Work instructions => Could you copy exactly the lines below, beginning at the line with "in writing, software" and stopping after the line with "<formula> <loc_0><loc_0><loc_500><loc_500>\sigma ^", with no pictures?

┄┄┄┄┄┄┄┄┄┄┄┄┄┄┄┄┄┄┄┄

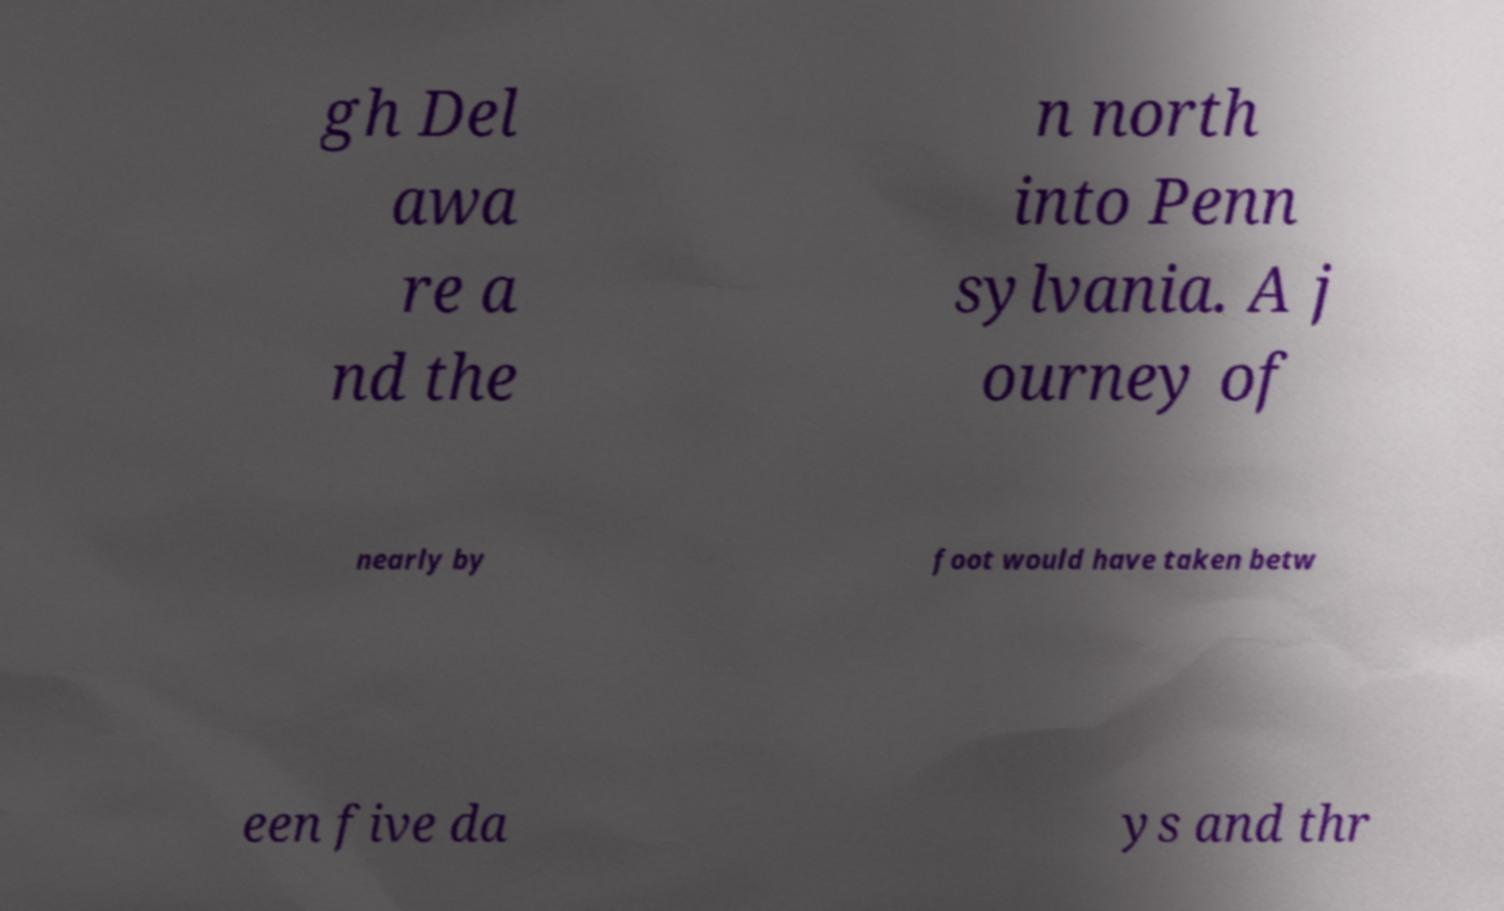For documentation purposes, I need the text within this image transcribed. Could you provide that? gh Del awa re a nd the n north into Penn sylvania. A j ourney of nearly by foot would have taken betw een five da ys and thr 
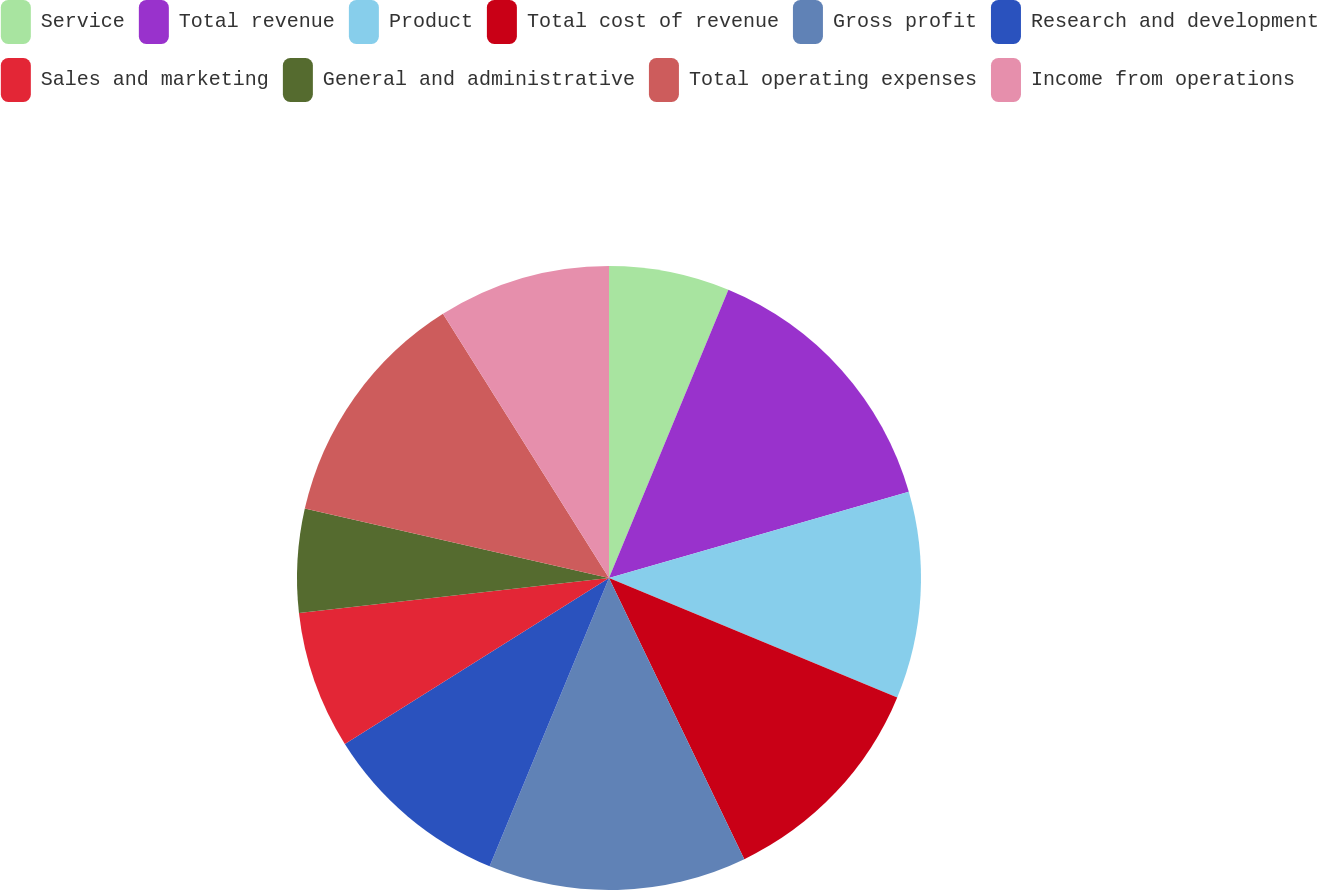Convert chart. <chart><loc_0><loc_0><loc_500><loc_500><pie_chart><fcel>Service<fcel>Total revenue<fcel>Product<fcel>Total cost of revenue<fcel>Gross profit<fcel>Research and development<fcel>Sales and marketing<fcel>General and administrative<fcel>Total operating expenses<fcel>Income from operations<nl><fcel>6.25%<fcel>14.29%<fcel>10.71%<fcel>11.61%<fcel>13.39%<fcel>9.82%<fcel>7.14%<fcel>5.36%<fcel>12.5%<fcel>8.93%<nl></chart> 
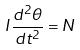Convert formula to latex. <formula><loc_0><loc_0><loc_500><loc_500>I \frac { d ^ { 2 } \theta } { d t ^ { 2 } } = N</formula> 
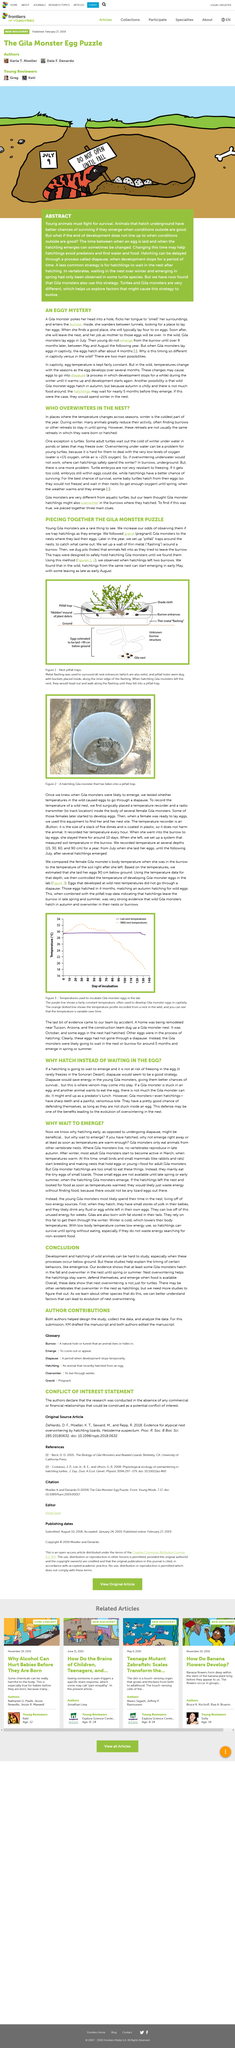Outline some significant characteristics in this image. The title of the article is "Why Wait to Emerge?" The article is about Gila monsters, a type of reptile that is native to the southwestern United States and northern Mexico. To increase the likelihood of observing young Gila monsters, the best approach is to trap hatchlings as they emerge from their eggs, which significantly increases the odds of observing these elusive creatures in their natural habitat. In the wild, Gila hatchlings from the same nest can begin emerging as early as May, with some delaying their emergence until August. The temperature of a wild Gila monster nest was recorded by surgically placing a temperature recorder and a radio transmitter inside the bodies of several female Gila monsters. The females were located using tracking equipment, and the data was gathered when they were ready to lay eggs. 
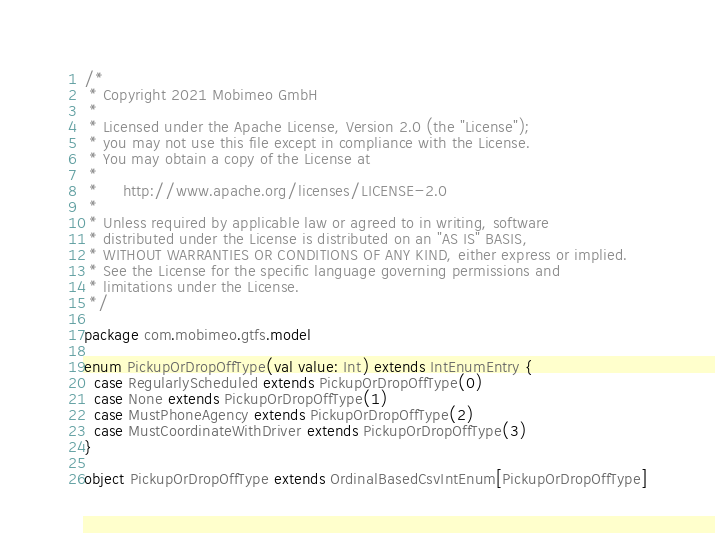<code> <loc_0><loc_0><loc_500><loc_500><_Scala_>/*
 * Copyright 2021 Mobimeo GmbH
 *
 * Licensed under the Apache License, Version 2.0 (the "License");
 * you may not use this file except in compliance with the License.
 * You may obtain a copy of the License at
 *
 *     http://www.apache.org/licenses/LICENSE-2.0
 *
 * Unless required by applicable law or agreed to in writing, software
 * distributed under the License is distributed on an "AS IS" BASIS,
 * WITHOUT WARRANTIES OR CONDITIONS OF ANY KIND, either express or implied.
 * See the License for the specific language governing permissions and
 * limitations under the License.
 */

package com.mobimeo.gtfs.model

enum PickupOrDropOffType(val value: Int) extends IntEnumEntry {
  case RegularlyScheduled extends PickupOrDropOffType(0)
  case None extends PickupOrDropOffType(1)
  case MustPhoneAgency extends PickupOrDropOffType(2)
  case MustCoordinateWithDriver extends PickupOrDropOffType(3)
}

object PickupOrDropOffType extends OrdinalBasedCsvIntEnum[PickupOrDropOffType]
</code> 
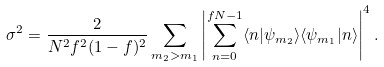<formula> <loc_0><loc_0><loc_500><loc_500>\sigma ^ { 2 } = \frac { 2 } { N ^ { 2 } f ^ { 2 } ( 1 - f ) ^ { 2 } } \sum _ { m _ { 2 } > m _ { 1 } } \left | \sum _ { n = 0 } ^ { f N - 1 } \langle n | \psi _ { m _ { 2 } } \rangle \langle \psi _ { m _ { 1 } } | n \rangle \right | ^ { 4 } .</formula> 
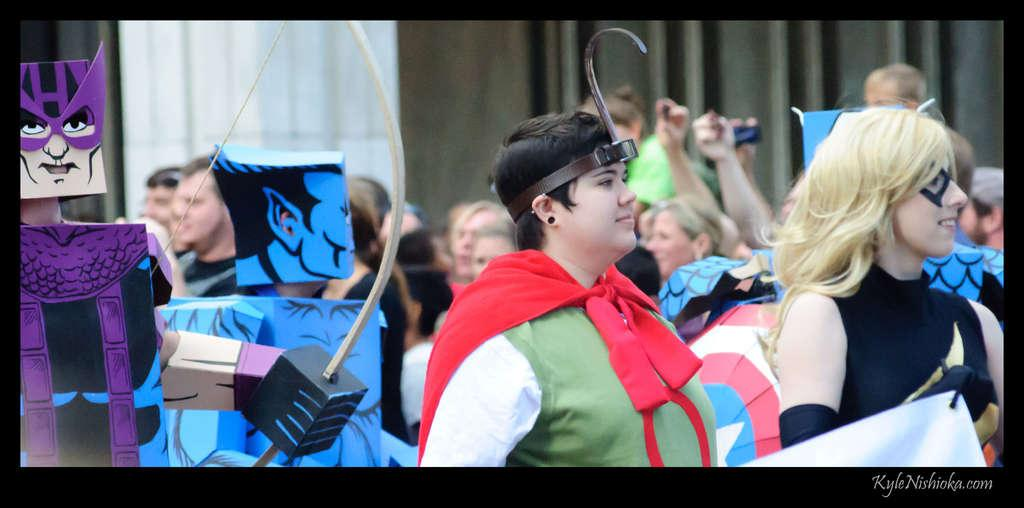What type of costumes are the people wearing in the image? The people in the image are wearing cosplay costumes. Where are the people in cosplay costumes positioned in the image? The people in cosplay costumes are standing in the front. Are there any other people visible in the image? Yes, there are people visible behind the people in cosplay costumes. What can be seen in the background of the image? There is a wall in the background of the image. What type of blade is being used to cover the people in the image? There is no blade present in the image, and the people are not being covered. 
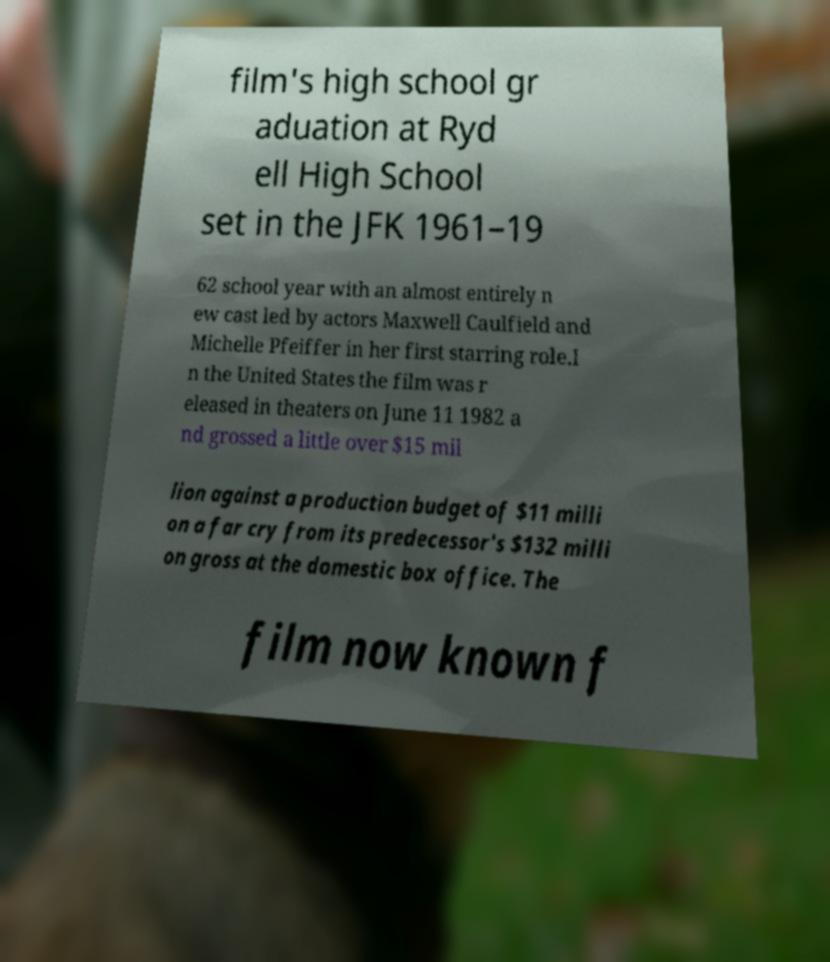I need the written content from this picture converted into text. Can you do that? film's high school gr aduation at Ryd ell High School set in the JFK 1961–19 62 school year with an almost entirely n ew cast led by actors Maxwell Caulfield and Michelle Pfeiffer in her first starring role.I n the United States the film was r eleased in theaters on June 11 1982 a nd grossed a little over $15 mil lion against a production budget of $11 milli on a far cry from its predecessor's $132 milli on gross at the domestic box office. The film now known f 
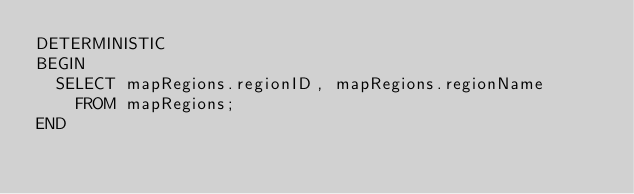Convert code to text. <code><loc_0><loc_0><loc_500><loc_500><_SQL_>DETERMINISTIC
BEGIN
  SELECT mapRegions.regionID, mapRegions.regionName
    FROM mapRegions;
END</code> 
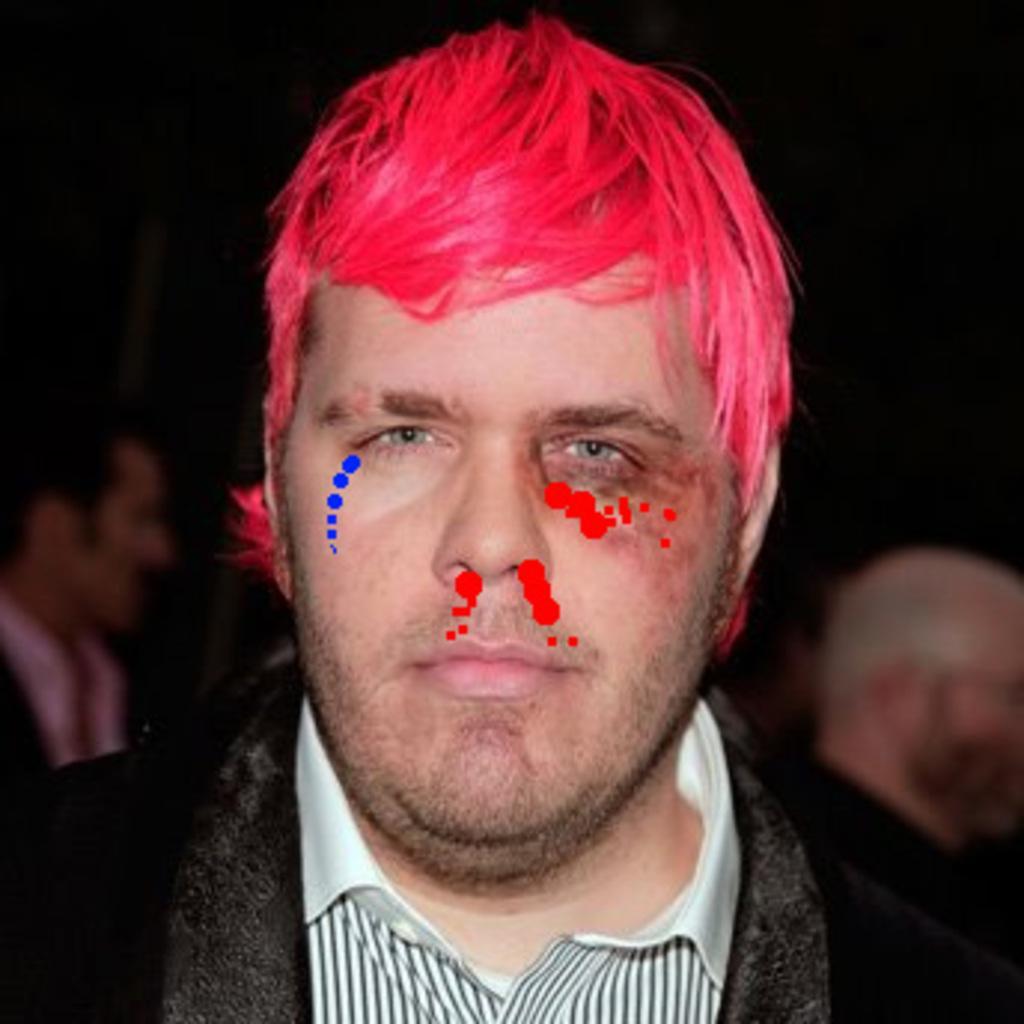Describe this image in one or two sentences. There is man. In the background it is dark and we can see people.

┄┄┄┄┄┄┄┄┄┄┄┄┄┄┄┄┄┄┄┄

Result =>
 * Unless required by applicable law or agreed to in writing, software
 * distributed under the License is distributed on an "AS IS" BASIS,
 * WITHOUT WARRANTIES OR CONDITIONS OF ANY KIND, either express or implied.
 * See the License for the specific language governing permissions and
 * limitations under the License.
 */

package com.mobimeo.gtfs.model

enum PickupOrDropOffType(val value: Int) extends IntEnumEntry {
  case RegularlyScheduled extends PickupOrDropOffType(0)
  case None extends PickupOrDropOffType(1)
  case MustPhoneAgency extends PickupOrDropOffType(2)
  case MustCoordinateWithDriver extends PickupOrDropOffType(3)
}

object PickupOrDropOffType extends OrdinalBasedCsvIntEnum[PickupOrDropOffType]
</code> 
<formula> <loc_0><loc_0><loc_500><loc_500>\sigma ^ { 2 } = \frac { 2 } { N ^ { 2 } f ^ { 2 } ( 1 - f ) ^ { 2 } } \sum _ { m _ { 2 } > m _ { 1 } } \left | \sum _ { n = 0 } ^ { f N - 1 } \langle n | \psi _ { m _ { 2 } } \rangle \langle \psi _ { m _ { 1 } } | n \rangle \right | ^ { 4 } .</formula> 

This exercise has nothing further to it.